_EXERCISE OBJECTIVE_. Below are lines of data, and only some are wanted. Please repeat exactly those from the line that has "Output: comma-separated values" through the line that has "Using one 3D".
----- GIVEN RECORDS -----
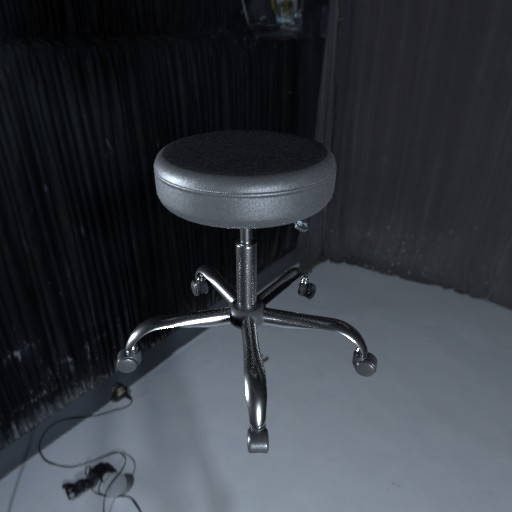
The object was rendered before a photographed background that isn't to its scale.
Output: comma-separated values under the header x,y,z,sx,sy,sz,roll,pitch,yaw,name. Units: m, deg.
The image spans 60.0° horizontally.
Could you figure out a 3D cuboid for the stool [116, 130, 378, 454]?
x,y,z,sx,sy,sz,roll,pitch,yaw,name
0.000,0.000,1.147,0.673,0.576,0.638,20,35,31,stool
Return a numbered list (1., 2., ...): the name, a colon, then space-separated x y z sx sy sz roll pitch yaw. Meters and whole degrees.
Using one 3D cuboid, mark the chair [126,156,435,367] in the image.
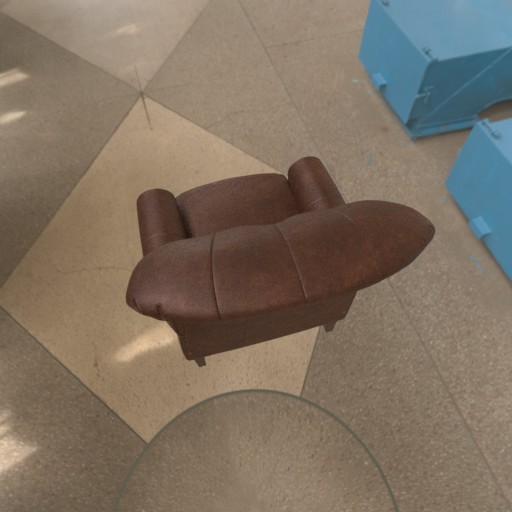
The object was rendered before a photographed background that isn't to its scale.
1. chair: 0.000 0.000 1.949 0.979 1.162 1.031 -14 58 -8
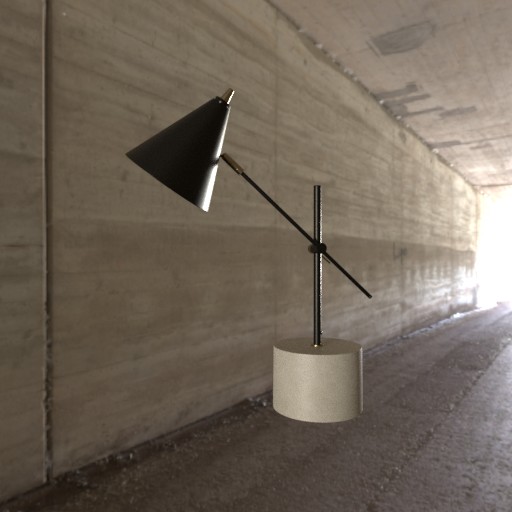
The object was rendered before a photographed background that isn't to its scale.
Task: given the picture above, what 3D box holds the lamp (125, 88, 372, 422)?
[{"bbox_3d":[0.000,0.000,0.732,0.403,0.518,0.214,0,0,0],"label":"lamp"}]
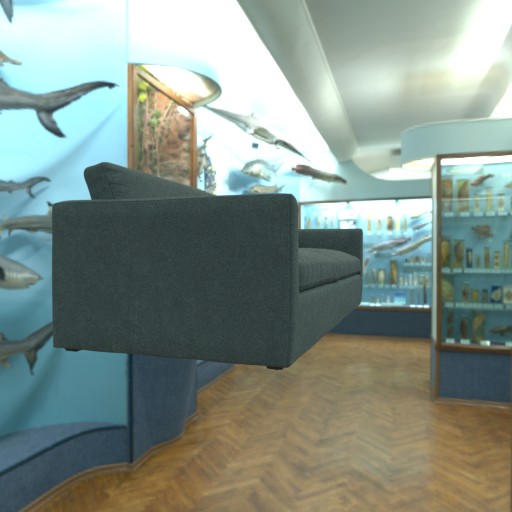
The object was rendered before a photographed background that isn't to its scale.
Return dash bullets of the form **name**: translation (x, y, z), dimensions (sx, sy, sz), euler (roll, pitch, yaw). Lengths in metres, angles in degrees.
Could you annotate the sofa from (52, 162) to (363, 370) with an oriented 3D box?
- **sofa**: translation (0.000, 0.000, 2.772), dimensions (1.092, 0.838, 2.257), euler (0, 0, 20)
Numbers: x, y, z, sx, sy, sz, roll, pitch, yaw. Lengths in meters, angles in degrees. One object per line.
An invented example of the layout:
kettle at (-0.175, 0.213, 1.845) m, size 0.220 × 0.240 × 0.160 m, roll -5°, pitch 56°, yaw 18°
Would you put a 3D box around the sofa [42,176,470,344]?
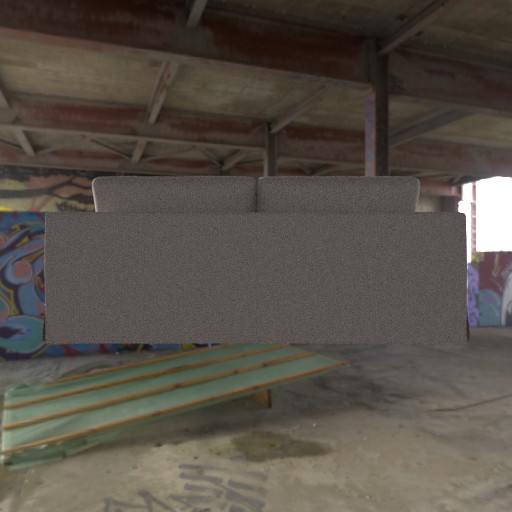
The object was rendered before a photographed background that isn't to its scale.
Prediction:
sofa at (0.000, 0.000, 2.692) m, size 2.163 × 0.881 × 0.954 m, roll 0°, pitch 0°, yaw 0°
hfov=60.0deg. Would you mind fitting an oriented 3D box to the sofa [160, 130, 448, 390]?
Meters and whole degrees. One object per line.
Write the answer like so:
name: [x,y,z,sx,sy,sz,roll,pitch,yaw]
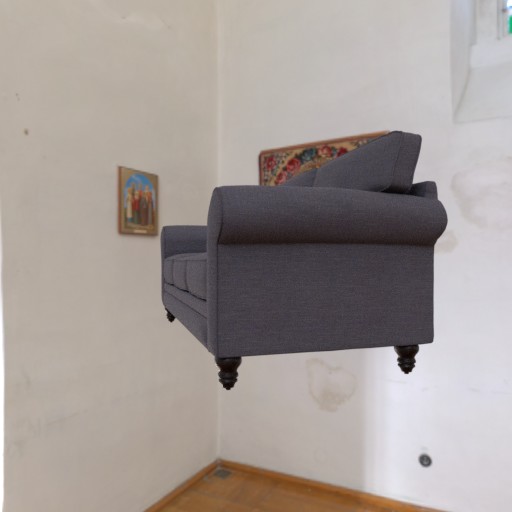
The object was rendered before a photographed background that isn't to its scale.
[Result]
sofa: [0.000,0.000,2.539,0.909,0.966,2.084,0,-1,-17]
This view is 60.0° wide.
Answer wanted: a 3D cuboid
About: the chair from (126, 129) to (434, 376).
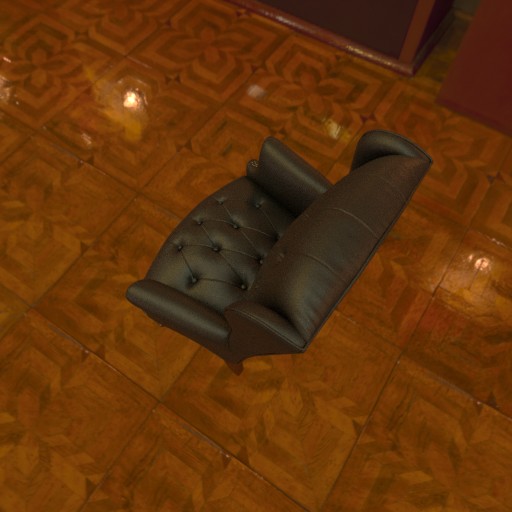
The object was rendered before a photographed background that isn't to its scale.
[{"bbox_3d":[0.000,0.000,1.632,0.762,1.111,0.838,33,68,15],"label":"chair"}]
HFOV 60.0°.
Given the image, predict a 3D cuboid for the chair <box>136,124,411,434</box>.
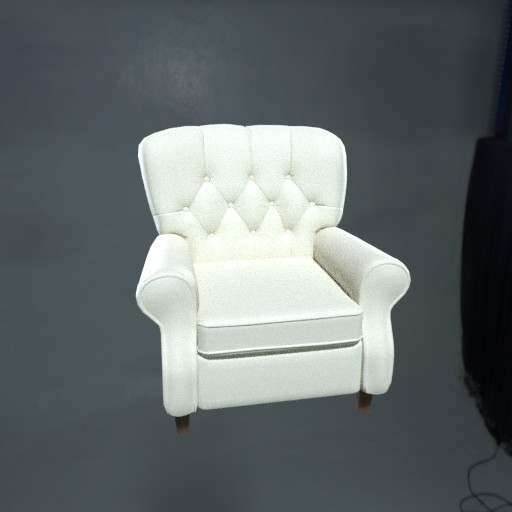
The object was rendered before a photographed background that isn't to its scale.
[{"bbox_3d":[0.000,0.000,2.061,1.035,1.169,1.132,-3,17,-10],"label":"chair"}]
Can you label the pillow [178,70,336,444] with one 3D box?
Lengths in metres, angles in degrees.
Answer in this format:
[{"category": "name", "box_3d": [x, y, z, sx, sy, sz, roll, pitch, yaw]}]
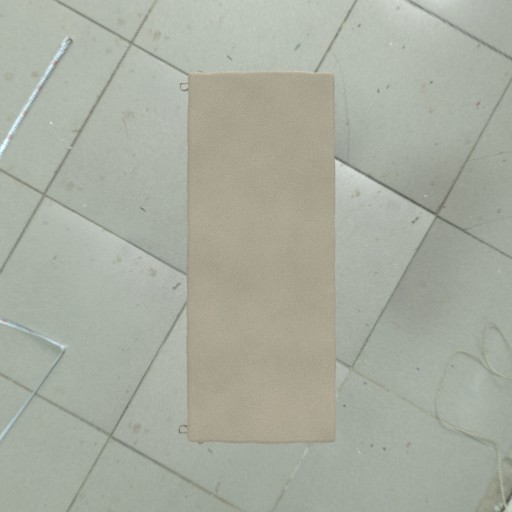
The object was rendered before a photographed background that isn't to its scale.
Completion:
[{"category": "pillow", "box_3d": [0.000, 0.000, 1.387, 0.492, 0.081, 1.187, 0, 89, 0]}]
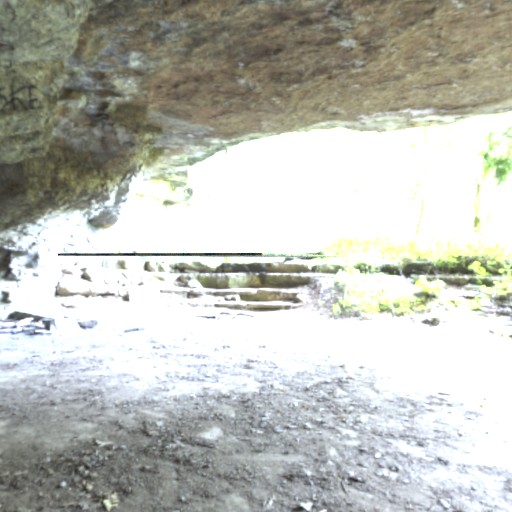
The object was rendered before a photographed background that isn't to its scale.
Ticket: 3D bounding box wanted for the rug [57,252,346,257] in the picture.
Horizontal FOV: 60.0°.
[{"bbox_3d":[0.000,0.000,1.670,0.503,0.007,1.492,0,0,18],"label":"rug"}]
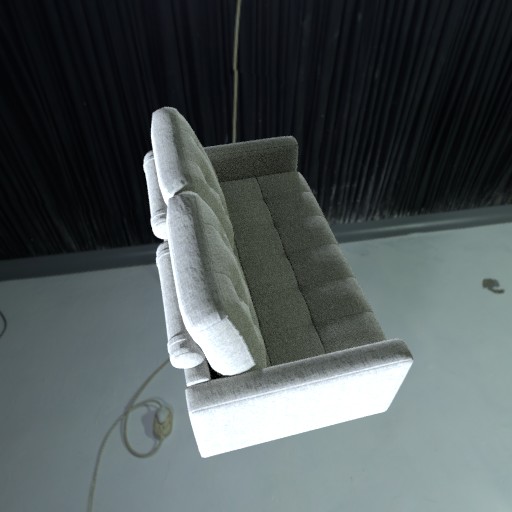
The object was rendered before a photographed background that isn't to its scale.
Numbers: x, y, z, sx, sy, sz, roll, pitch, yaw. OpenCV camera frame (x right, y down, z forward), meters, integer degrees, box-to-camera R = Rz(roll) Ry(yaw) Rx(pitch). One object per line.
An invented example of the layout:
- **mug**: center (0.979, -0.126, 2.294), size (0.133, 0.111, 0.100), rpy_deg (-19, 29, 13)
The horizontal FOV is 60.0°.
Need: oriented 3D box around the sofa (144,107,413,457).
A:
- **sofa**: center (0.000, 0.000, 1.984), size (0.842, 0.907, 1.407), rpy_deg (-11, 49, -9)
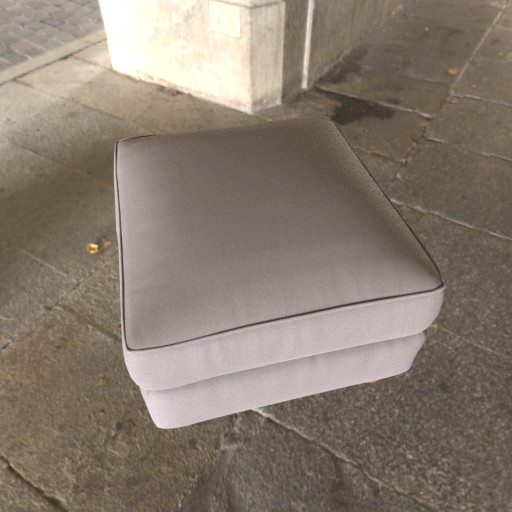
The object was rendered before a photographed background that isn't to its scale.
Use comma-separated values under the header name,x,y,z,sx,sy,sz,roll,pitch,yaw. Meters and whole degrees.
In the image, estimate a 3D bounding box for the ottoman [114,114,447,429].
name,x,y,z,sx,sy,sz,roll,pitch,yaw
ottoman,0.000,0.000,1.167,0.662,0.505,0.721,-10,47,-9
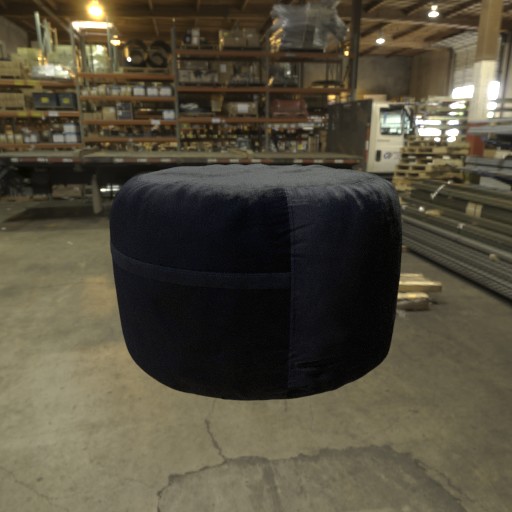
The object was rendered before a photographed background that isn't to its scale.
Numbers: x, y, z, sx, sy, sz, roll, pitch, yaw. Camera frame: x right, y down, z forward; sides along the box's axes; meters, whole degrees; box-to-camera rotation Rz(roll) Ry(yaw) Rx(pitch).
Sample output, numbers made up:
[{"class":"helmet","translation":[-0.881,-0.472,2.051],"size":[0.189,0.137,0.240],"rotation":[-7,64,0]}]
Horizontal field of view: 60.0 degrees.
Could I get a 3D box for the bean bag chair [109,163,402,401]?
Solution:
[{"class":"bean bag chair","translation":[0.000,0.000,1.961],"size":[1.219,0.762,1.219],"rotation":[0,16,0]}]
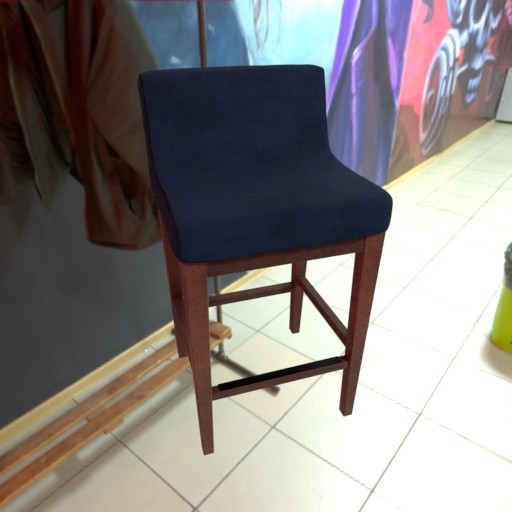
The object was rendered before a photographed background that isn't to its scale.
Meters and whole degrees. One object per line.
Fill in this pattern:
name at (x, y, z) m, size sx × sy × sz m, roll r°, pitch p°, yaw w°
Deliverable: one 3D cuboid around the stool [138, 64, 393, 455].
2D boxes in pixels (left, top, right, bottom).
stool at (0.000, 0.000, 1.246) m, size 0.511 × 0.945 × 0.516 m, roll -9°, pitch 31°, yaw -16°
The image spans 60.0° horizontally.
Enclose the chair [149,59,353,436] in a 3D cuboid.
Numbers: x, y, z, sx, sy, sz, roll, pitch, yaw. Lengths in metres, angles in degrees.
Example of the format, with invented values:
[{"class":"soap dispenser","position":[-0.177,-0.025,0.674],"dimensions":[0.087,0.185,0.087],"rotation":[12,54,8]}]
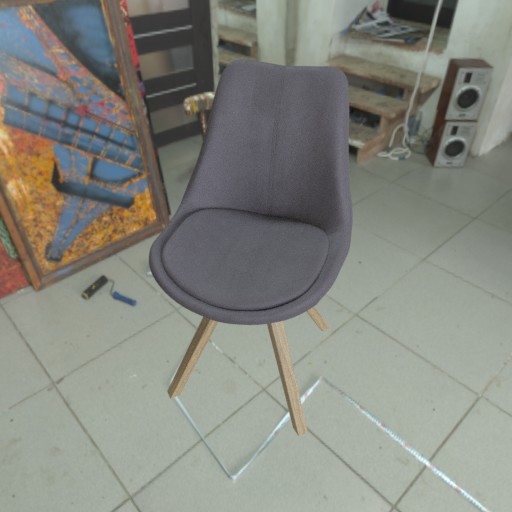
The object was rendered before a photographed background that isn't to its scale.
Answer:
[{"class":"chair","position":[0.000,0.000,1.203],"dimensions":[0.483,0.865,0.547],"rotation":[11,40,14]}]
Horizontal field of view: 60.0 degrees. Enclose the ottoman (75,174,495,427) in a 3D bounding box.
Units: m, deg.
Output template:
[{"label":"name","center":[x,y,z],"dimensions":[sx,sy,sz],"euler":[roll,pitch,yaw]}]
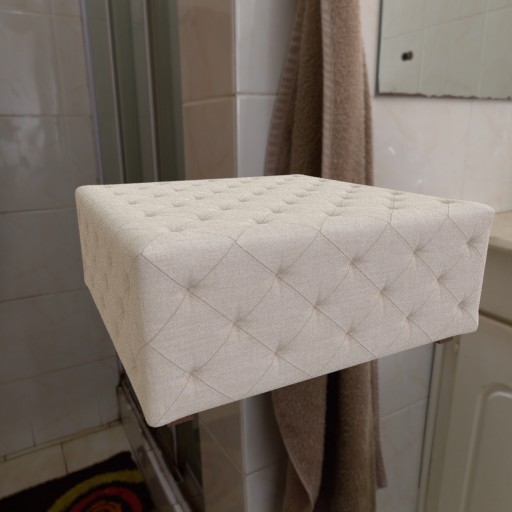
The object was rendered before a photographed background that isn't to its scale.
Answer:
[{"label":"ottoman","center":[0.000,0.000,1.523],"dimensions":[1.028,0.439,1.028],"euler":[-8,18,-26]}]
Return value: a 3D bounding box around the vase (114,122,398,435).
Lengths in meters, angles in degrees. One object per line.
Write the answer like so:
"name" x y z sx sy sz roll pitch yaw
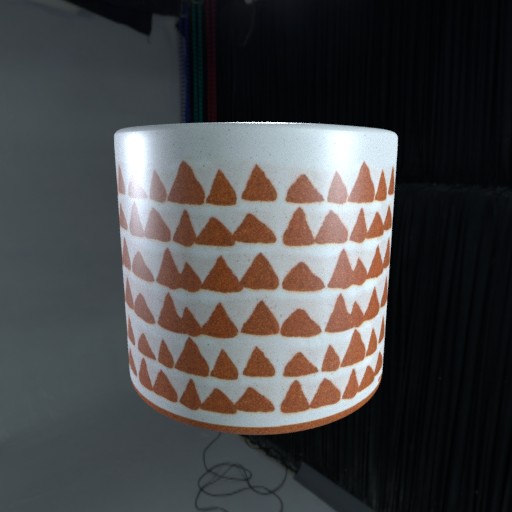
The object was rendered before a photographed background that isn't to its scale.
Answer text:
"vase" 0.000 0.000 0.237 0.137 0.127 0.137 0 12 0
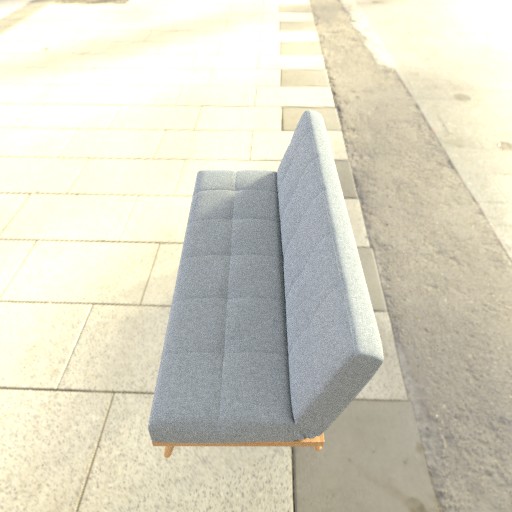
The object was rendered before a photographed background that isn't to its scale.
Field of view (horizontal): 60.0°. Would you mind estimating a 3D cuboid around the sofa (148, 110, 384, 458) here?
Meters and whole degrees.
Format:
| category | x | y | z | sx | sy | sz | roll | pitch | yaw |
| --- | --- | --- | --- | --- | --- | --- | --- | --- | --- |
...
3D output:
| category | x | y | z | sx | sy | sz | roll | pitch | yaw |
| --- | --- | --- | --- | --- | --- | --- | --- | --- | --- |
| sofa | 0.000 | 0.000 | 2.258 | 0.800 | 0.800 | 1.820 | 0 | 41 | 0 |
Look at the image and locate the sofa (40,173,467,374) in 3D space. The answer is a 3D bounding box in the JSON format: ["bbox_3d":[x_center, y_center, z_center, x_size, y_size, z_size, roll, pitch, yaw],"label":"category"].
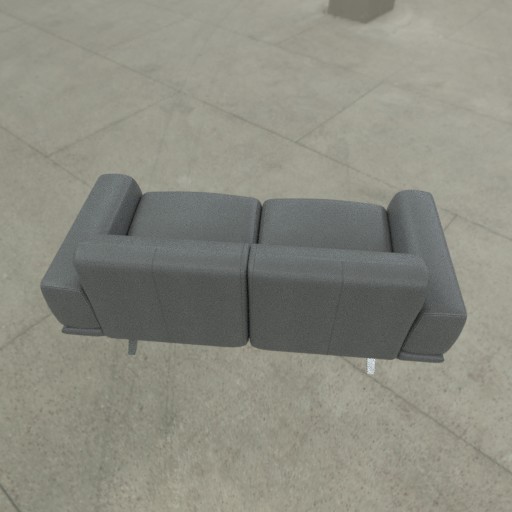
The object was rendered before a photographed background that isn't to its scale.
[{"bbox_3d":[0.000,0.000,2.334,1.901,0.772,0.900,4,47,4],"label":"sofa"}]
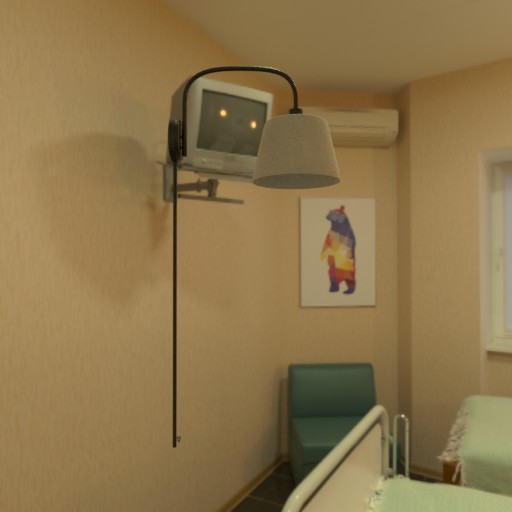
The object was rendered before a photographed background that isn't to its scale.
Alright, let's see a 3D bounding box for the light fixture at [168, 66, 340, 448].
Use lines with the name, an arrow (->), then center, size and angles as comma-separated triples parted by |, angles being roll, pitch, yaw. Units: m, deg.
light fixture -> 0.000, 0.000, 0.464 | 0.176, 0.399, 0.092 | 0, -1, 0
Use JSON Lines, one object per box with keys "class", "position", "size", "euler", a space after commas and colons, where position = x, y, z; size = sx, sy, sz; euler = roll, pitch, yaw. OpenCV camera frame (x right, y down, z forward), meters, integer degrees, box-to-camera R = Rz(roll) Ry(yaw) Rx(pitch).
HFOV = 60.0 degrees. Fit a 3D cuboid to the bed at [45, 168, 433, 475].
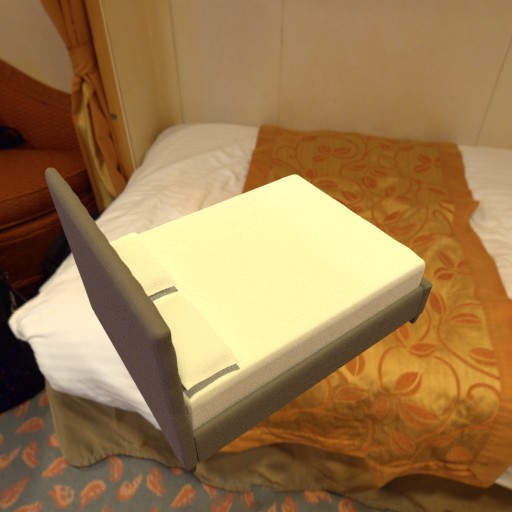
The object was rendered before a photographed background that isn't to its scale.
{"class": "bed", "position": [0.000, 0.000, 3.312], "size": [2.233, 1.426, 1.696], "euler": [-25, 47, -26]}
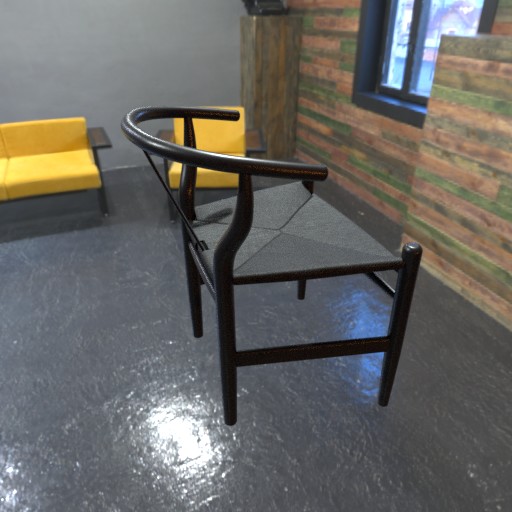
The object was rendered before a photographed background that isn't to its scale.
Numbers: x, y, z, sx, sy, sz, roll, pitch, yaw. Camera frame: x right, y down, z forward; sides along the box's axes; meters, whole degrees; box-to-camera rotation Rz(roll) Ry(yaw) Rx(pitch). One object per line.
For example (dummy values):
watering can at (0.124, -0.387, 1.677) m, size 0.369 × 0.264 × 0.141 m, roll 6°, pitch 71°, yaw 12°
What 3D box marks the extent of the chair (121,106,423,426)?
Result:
-----
_WRITTEN SOLUTION_.
Output: comma-separated values under the header x,y,z,sx,sy,sz,roll,pitch,yaw,name. Units: m, deg.
The image spans 60.0° horizontally.
Could you figure out a 3D cuboid for the stool [116, 130, 378, 454]?
x,y,z,sx,sy,sz,roll,pitch,yaw,name
0.000,0.000,1.147,0.673,0.576,0.638,20,35,31,stool
Return a numbered list (1., 2., ...): the name, a colon, then space-separated x y z sx sy sz roll pitch yaw. Meters and whole degrees.
Using one 3D cuboid, mark the chair [126,156,435,367] in the image.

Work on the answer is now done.